Adán significa “ser humano”, entonces Jehová estaba hablando de la humanidad por su naturaleza violenta desde el libre albedrío; conocer qué es el bien y el mal.
Y tan pronto como Dios sentencia, ocurre el segundo pecado, que es un acto de violencia de Adán contra Eva en la respuesta: Génesis 3:12 RVA2015
[12] El hombre respondió: —La mujer que me diste por compañera, ella me dio del árbol, y yo comí.
Adán y Eva ya no eran una sola carne ante el peso de ma culpa, y es esta escena la que configuró la realidad del ser humano en todas las realidades posibles; su autodestrucción por sí mismo, su muerte
La humanidad heredamos la destrucción como un ejemplar fallido.
Todo el universo en perfección, bajo su diseño, y nosotros, creados a su imagen y semejanza, fallamos y nos condenamos a la autodestrucción.
Por eso tenemos la historia más maravillosa del universo; Jesucristo, el hijo de Dios, sacrificándose por nosotros, para que entendiéramos su mensaje de amor, un mensaje que alberga la naturaleza de Dios mismo, que es algo que podemos llevar nosotros también.
Si Jesucristo no hubiese venido, nos autodestruiríamos por nuestra propia maldad, estábamos condenados a la muerte, y después de esto, el juicio.
Entonces, el pecado es toda intención y/o acción encaminada a la destrucción o/y daño.
Pero ¿Dónde nace el pecado?
El mismo ejemplo de Adán y Eva nos dicta que todo esto es una mecánica que ocurre en nuestra conciencia, todo empieza por una decisión.
La conciencia es la cosa que define las acciones de nuestro ser, nuestra alma.
Está regido por el pensamiento, por eso los apóstoles apuraban a la iglesia Primitiva a adoptar el pensamiento de Jesús a través del Espíritu Santo.
La batalla es eterna y ocurre en nuestro pensamiento, en nuestra mente; en el que un simple deseo que atente contra un estado de equilibrio de la creación de Dios, conforma el pecado.
Jehová escogió al pueblo hebreo para entregarnos por medio de Moisés, una serie de mandamientos que tenían dinámicas doctrinales radicales.
El resto de las culturas estaban inmersas en prácticas paganas, es decir, que no respetaban la naturaleza divina de la Creación. Los cultos a deidades llegaban a sacrificar bebés recién nacidos en hogueras a dioses como Moloch o Baal. Destrucción y caos.
Las leyes eran duras, pero rigieron y permearon cultura de respeto y temor a Dios hasta la llegada de Jesucristo, que fue quien entregó la carga informática de la mente de Dios a la humanidad mediante su sacrificio.

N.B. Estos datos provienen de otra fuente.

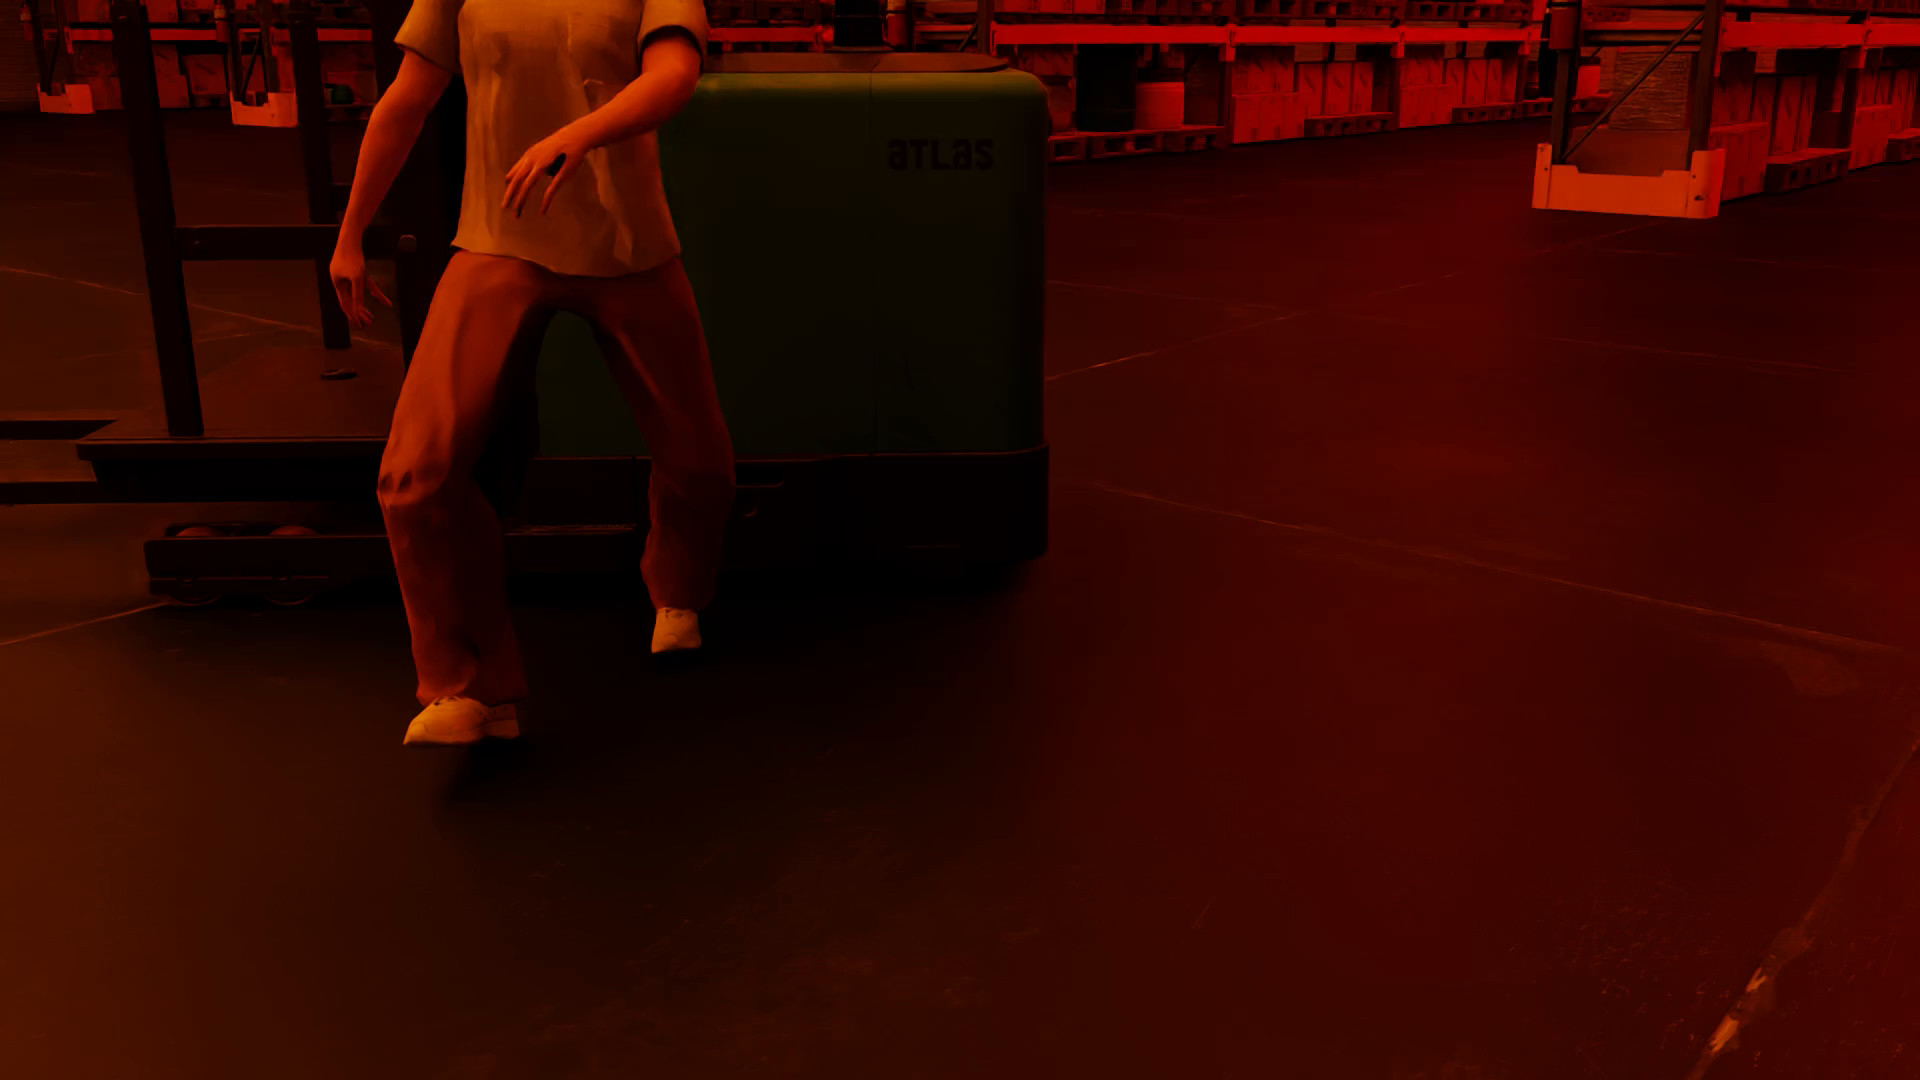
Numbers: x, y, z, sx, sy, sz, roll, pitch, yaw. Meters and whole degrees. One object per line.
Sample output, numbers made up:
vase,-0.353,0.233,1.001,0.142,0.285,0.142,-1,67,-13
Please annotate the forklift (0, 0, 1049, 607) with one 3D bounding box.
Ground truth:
forklift,-1.341,-1.419,3.571,3.031,2.935,1.130,-1,17,-2

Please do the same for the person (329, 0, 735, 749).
person,-0.710,-0.457,2.751,0.649,1.584,0.810,-3,17,-11
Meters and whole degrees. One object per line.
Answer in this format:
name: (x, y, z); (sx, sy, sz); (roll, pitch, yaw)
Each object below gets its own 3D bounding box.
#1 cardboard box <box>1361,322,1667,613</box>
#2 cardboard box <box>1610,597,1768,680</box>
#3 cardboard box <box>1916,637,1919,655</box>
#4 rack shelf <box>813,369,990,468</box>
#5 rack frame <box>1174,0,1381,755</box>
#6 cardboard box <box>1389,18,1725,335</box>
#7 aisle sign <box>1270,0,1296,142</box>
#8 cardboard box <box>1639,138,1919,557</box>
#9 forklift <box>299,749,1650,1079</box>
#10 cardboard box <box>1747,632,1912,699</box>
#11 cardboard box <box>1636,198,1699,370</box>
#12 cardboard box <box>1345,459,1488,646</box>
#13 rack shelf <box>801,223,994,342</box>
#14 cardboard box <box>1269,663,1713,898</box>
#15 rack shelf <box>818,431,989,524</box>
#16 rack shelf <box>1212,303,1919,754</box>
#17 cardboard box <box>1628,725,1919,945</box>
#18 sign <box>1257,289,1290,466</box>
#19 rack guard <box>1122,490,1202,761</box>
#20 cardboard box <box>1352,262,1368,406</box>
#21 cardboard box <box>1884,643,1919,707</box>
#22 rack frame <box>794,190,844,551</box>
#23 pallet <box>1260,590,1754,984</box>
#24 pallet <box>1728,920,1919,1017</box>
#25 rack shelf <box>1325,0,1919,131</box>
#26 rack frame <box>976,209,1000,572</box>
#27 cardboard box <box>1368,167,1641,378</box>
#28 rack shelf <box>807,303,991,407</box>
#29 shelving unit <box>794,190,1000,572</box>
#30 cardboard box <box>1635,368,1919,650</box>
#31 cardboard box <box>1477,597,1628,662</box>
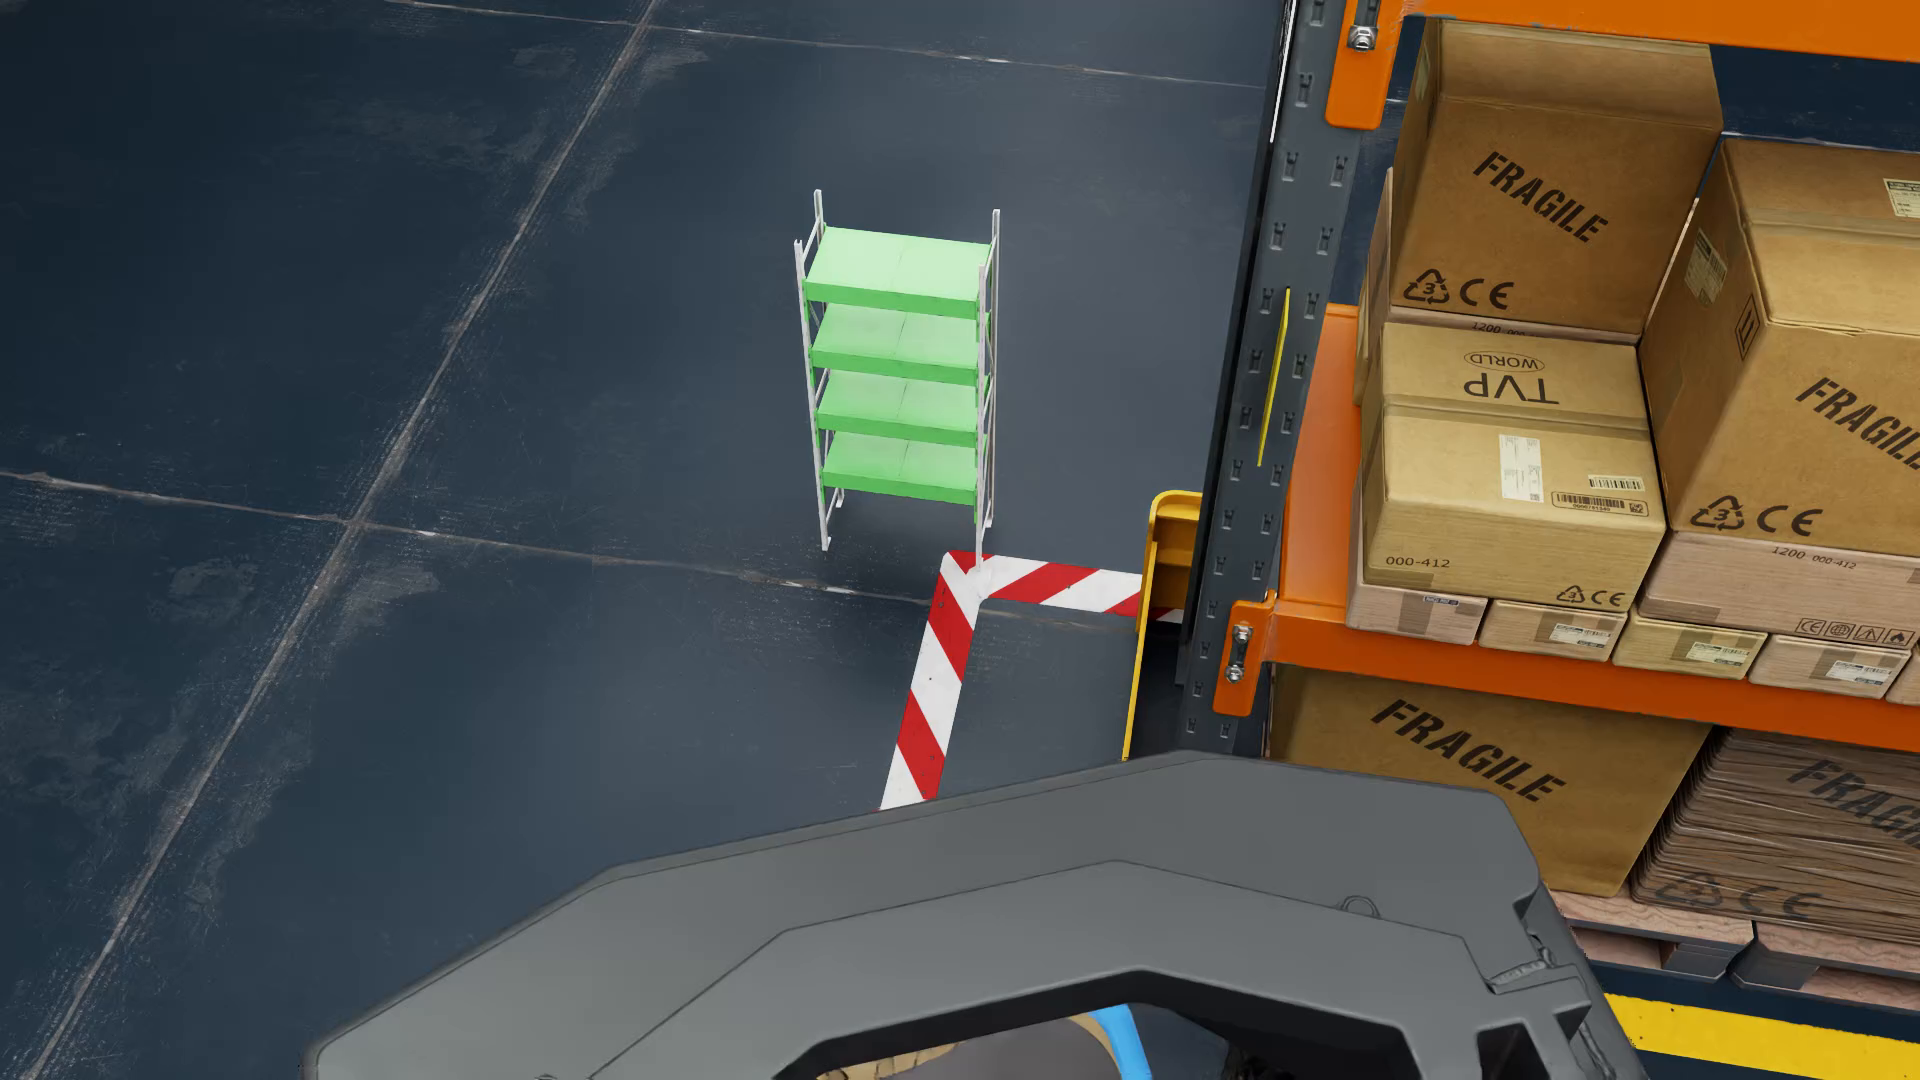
cardboard box: (1.064, -0.151, 3.270); (0.500, 0.250, 0.500); (7, 48, 6)
cardboard box: (1.435, 0.076, 3.334); (0.250, 0.149, 0.380); (7, 48, 6)
cardboard box: (2.071, -0.018, 3.150); (0.500, 0.250, 0.500); (6, 48, 6)
rack shelf: (-0.163, -0.380, 4.871); (0.480, 0.148, 0.258); (8, 49, 7)
rack frame: (0.640, -0.363, 3.559); (0.127, 3.000, 1.000); (8, 49, 7)
cardboard box: (1.166, -0.791, 3.341); (0.500, 0.500, 0.500); (8, 49, 7)
aisle sign: (0.516, -1.022, 2.404); (0.004, 0.787, 0.394); (8, 49, 7)
cardboard box: (1.556, -0.335, 2.932); (0.500, 0.500, 0.500); (7, 48, 6)
forklift: (0.150, 1.690, 1.761); (1.130, 2.935, 3.031); (-10, 49, -9)
cardboard box: (1.692, 0.110, 3.304); (0.250, 0.149, 0.380); (7, 48, 6)
cardboard box: (1.663, -0.475, 3.561); (0.500, 0.250, 0.500); (7, 48, 6)
cardboard box: (0.931, 0.010, 3.394); (0.250, 0.149, 0.380); (8, 49, 7)
rack shelf: (-0.163, -0.701, 4.514); (0.480, 0.148, 0.258); (8, 49, 7)
cardboard box: (1.284, 0.233, 4.170); (0.875, 0.875, 0.875); (8, 49, 7)
rack shelf: (-0.163, -0.220, 5.049); (0.480, 0.148, 0.258); (8, 49, 7)
rack shelf: (2.608, 0.142, 3.589); (4.000, 0.370, 1.077); (8, 49, 7)
cardboard box: (2.180, 0.353, 4.062); (0.875, 0.875, 0.875); (8, 49, 7)
sign: (0.535, -0.273, 2.844); (0.005, 0.325, 0.100); (8, 49, 7)
rack guard: (0.616, 0.469, 4.492); (0.348, 0.500, 1.175); (8, 49, 7)
cardboard box: (1.049, -0.473, 3.827); (0.250, 0.149, 0.380); (9, 49, 8)
cardboard box: (1.942, 0.144, 3.273); (0.250, 0.149, 0.380); (7, 48, 6)
rack frame: (-0.403, -0.455, 4.852); (0.015, 1.200, 0.240); (8, 49, 7)
pallet: (1.441, 0.618, 4.553); (1.213, 0.211, 1.003); (8, 49, 7)
pallet: (2.638, 0.781, 4.407); (1.213, 0.211, 1.003); (8, 49, 7)
rack shelf: (2.608, -0.860, 2.474); (4.000, 0.370, 1.077); (8, 49, 7)
rack frame: (0.077, -0.391, 4.794); (0.015, 1.200, 0.240); (8, 49, 7)
cardboard box: (1.164, -0.542, 3.622); (0.500, 0.250, 0.500); (7, 48, 6)
rack shelf: (-0.163, -0.541, 4.692); (0.480, 0.148, 0.258); (8, 49, 7)
shelving unit: (-0.163, -0.423, 4.823); (0.503, 1.200, 0.258); (8, 49, 7)
cardboard box: (1.577, -0.087, 3.212); (0.500, 0.250, 0.500); (7, 48, 6)
cardboard box: (1.183, 0.043, 3.364); (0.250, 0.149, 0.380); (7, 48, 6)

Los primeros cristianos entendieron la naturaleza de Dios, su amor por nosotros, la necesidad de alejarse del pecado, no solo por temor y respeto a su Él, sino, por congruencia, pues el pecado siempre venía con consecuencias desastrosas y muerte.
Desde ahí la conciencia humana tuvo discernimiento de la maldad, y lo que Dios quiere para nosotros gracias a la intervención divina del Espíritu Santo.
Por ello, el centro de batalla donde ocurre el pecado, es en la conciencia; una decisión define si estamos agradando a Dios, o pecando.
Una simple carga informática en la decisión; sí o no. El libre albedrío en una elección.
Por eso Jesucristo sintetizó la Ley de Moisés a solo 2 mandamientos; el primero es el más importante:
Mateo 22:37 RVA2015
[37] Jesús le dijo: —Amarás al Señor tu Dios con todo tu corazón, y con toda tu alma, y con toda tu mente.
Este mandamiento abarca absolutamente todo.
Estás con Él, o eres agente de destrucción de su Creación.
Cada cosa que hagas, debes medirlo con este mandamiento.
Por ello, es importante entrenar la conciencia, y para ello necesitamos al Espíritu Santo siempre; Él es quien tiene el único entrenamiento para vivir una vida en santidad.